ミクシィ・グループで、実際に開発に携わっているエンジニア達が執筆している公式ブログです。様々なサービスの開発や運用を行っていく際に得た技術情報から採用情報まで、有益な情報を幅広く取り扱っています。

「インディーズ機能」始めました

mixi
仕事を複数抱えた場合のコンテキストスイッチに高いオーバーヘッドを伴っているmikioです。今回は、近頃はじめたインディーズ機能についての思いを僭越ながら述べてみます。

インディーズ機能とは

インディーズ機能とは、実験的なサービスを早い段階で公開してユーザの皆さんからのフィードバックを反映させてくことにより、より斬新で親しみやすいサービスをより迅速にお届けするための枠組です。一般的には「ベータ機能」とか呼ばれている枠組に相当しますが、サイト自体が「ベータ」を標榜しているので「アルファ」になり、しかしそれもわかりにくいということで、紆余曲折あった末に「インディーズ」という名前に落ち着きました。

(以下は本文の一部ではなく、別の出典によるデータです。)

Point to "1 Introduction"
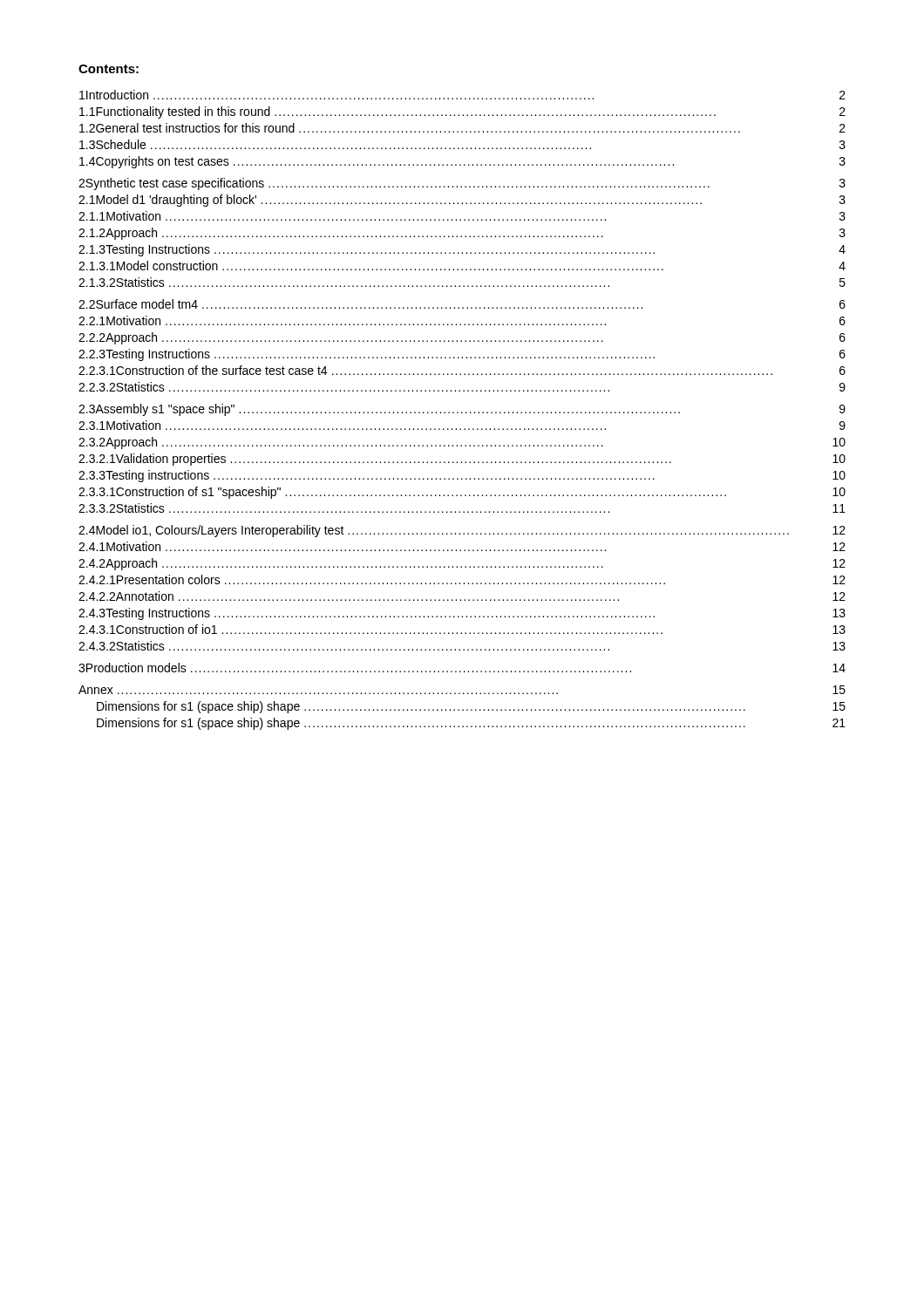924x1308 pixels. tap(462, 95)
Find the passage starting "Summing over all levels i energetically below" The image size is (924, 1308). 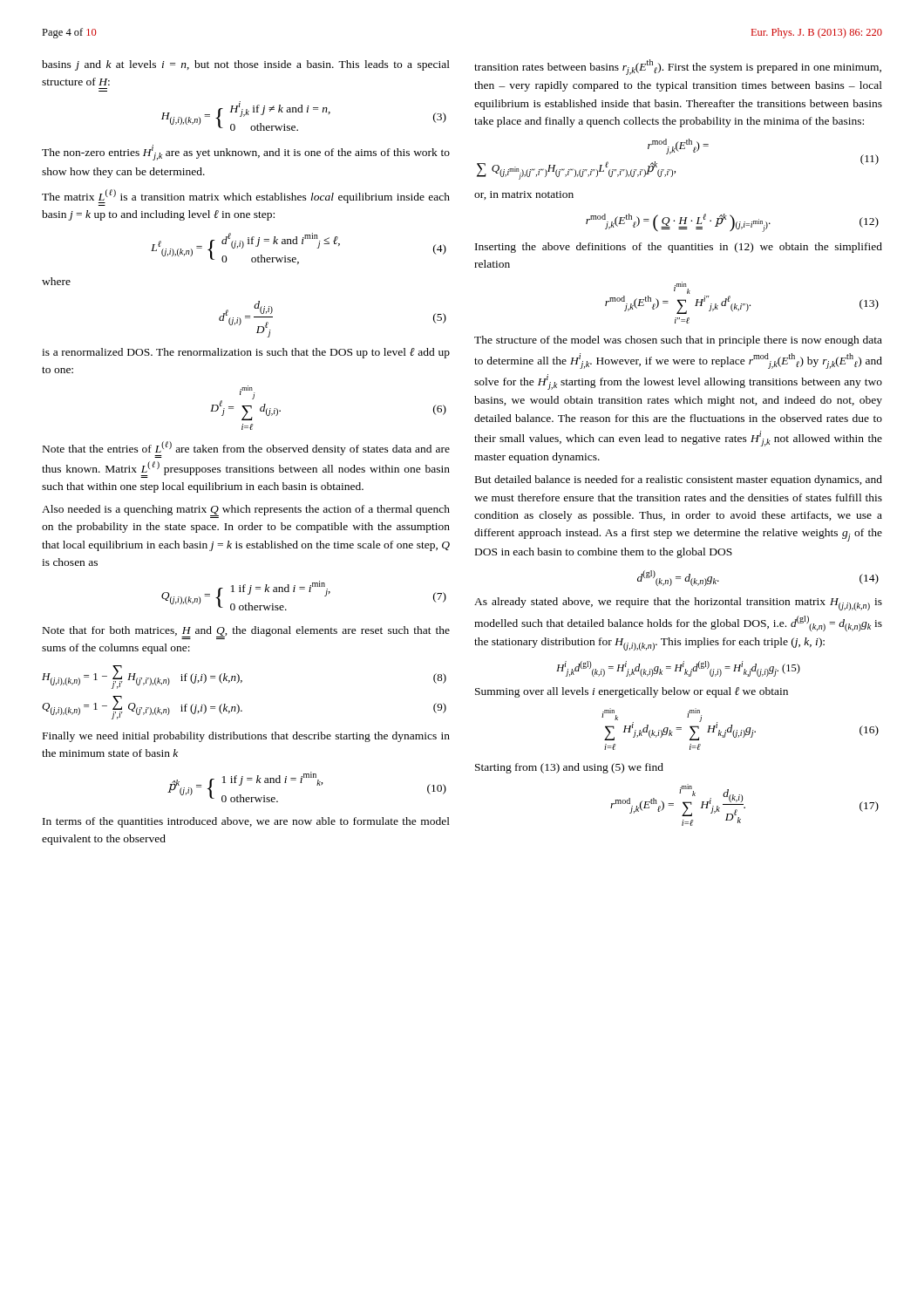(x=678, y=691)

mixi開発チームでは日々新しい機能やサービスを模索し、また既存のサービスや機能の改善を図っているわけですが、当然ながら、現在開発中もしくは企画中のものを投入した暁にそれがヒットするかどうかは、実際に投入してみなければわかりません。ネット上の他のサイトの動向を見て似たようなサービスを提供するいわば追従型の案件の場合はまだ影響を読みやすいのですが、mixiならではの新しいサービスを提供しようとするとそれは一気に難しくなります。そのため、正式なサービスに仕上げる一歩二歩手前の段階であるインディーズ機能を公開して、それを作りこむ価値があるかをユーザの皆さんに評価いただこうと考えました。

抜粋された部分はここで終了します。